Exercise materials —
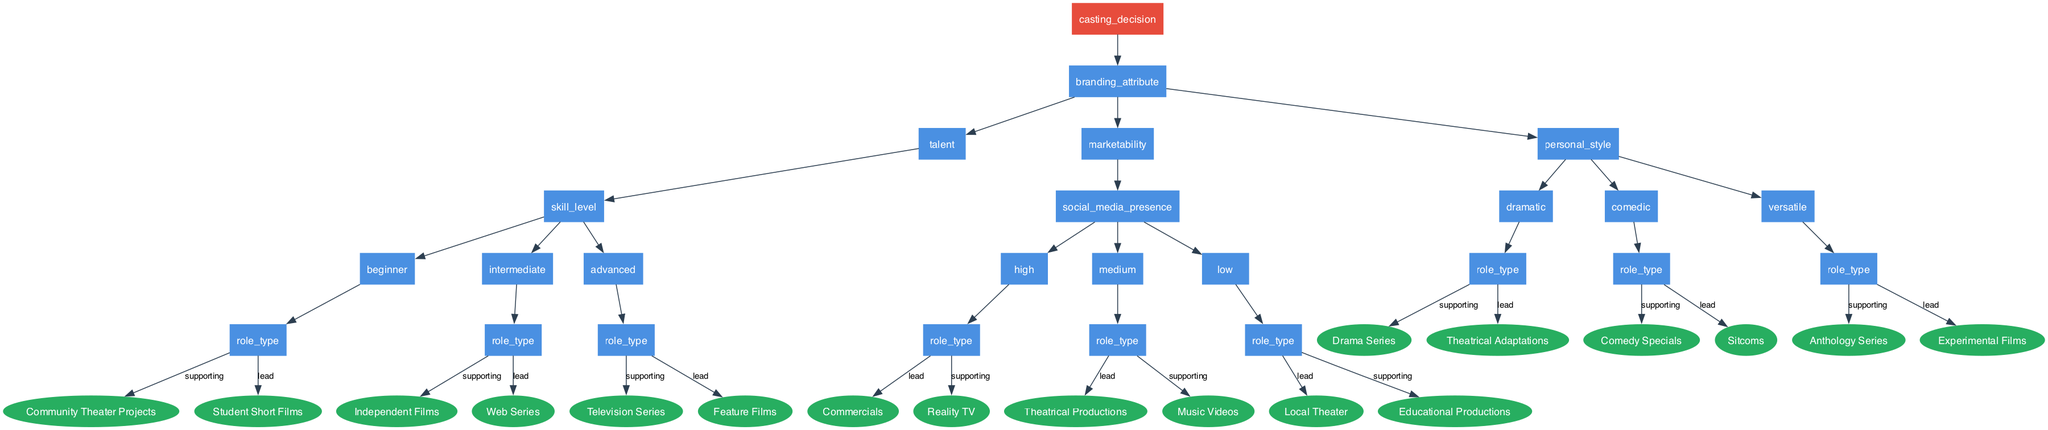What is the root node of the decision tree? The root node is the starting point of the diagram and it represents the main casting decision. Based on the structure of the diagram, the root node is "casting_decision."
Answer: casting_decision How many main branding attributes are present in the diagram? By examining the first level of nodes under the root node, there are three main branding attributes: talent, marketability, and personal_style. This can be counted directly from the diagram.
Answer: 3 What type of roles can a beginner with intermediate talent choose for a lead? Following the branches for a beginner skill level within the intermediate talent category, there would be no lead roles specified for this combination, but the lead role for the intermediate skill level is a web series. If a beginner has only access to student short films for lead roles in total, it indicates low skill level.
Answer: Student Short Films Which role type is available for an actor with high marketability in supporting roles? Under the high marketability node, the supporting role is classified as reality TV. This is specified directly within the supporting roles for high marketability.
Answer: Reality TV If an actor has a dramatic personal style, what is one potential lead role they can pursue? Looking at the dramatic personal style node leads directly to the notion that the lead role could be theatrical adaptations. This is the specified outcome at that stage of the tree.
Answer: Theatrical Adaptations What is the supporting role type for an actor classified as advanced in talent? At the advanced talent level, navigating to the supporting role leads us to the option of television series, which is clearly delineated at that level of the decision tree.
Answer: Television Series If an actor with medium social media presence wants a lead role, which option is available to them? Within the medium social media presence category, the diagram specifies that the available lead role is theatrical productions. By following the paths down through the nodes effectively leads to this conclusion.
Answer: Theatrical Productions In total, how many leaf nodes are there for supporting roles across all branding attributes? By analyzing the diagram, there are three leaf nodes for the supporting roles: community theater projects, independent films, and music videos, as well as others representing different attributes. Thus, counting all the leaf nodes leads us to the final tally for supporting roles.
Answer: 5

Exercise requirements — Once you find the line with "Answer: casting_decision How" in the entries above, output it and each line after it up to and including the line with "Answer: Student Short", and nothing else.

Response below —
Answer: casting_decision How many main branding attributes are present in the diagram? By examining the first level of nodes under the root node, there are three main branding attributes: talent, marketability, and personal_style. This can be counted directly from the diagram.
Answer: 3 What type of roles can a beginner with intermediate talent choose for a lead? Following the branches for a beginner skill level within the intermediate talent category, there would be no lead roles specified for this combination, but the lead role for the intermediate skill level is a web series. If a beginner has only access to student short films for lead roles in total, it indicates low skill level.
Answer: Student Short Films Which role type is available for an actor with high marketability in supporting roles? Under the high marketability node, the supporting role is classified as reality TV. This is specified directly within the supporting roles for high marketability.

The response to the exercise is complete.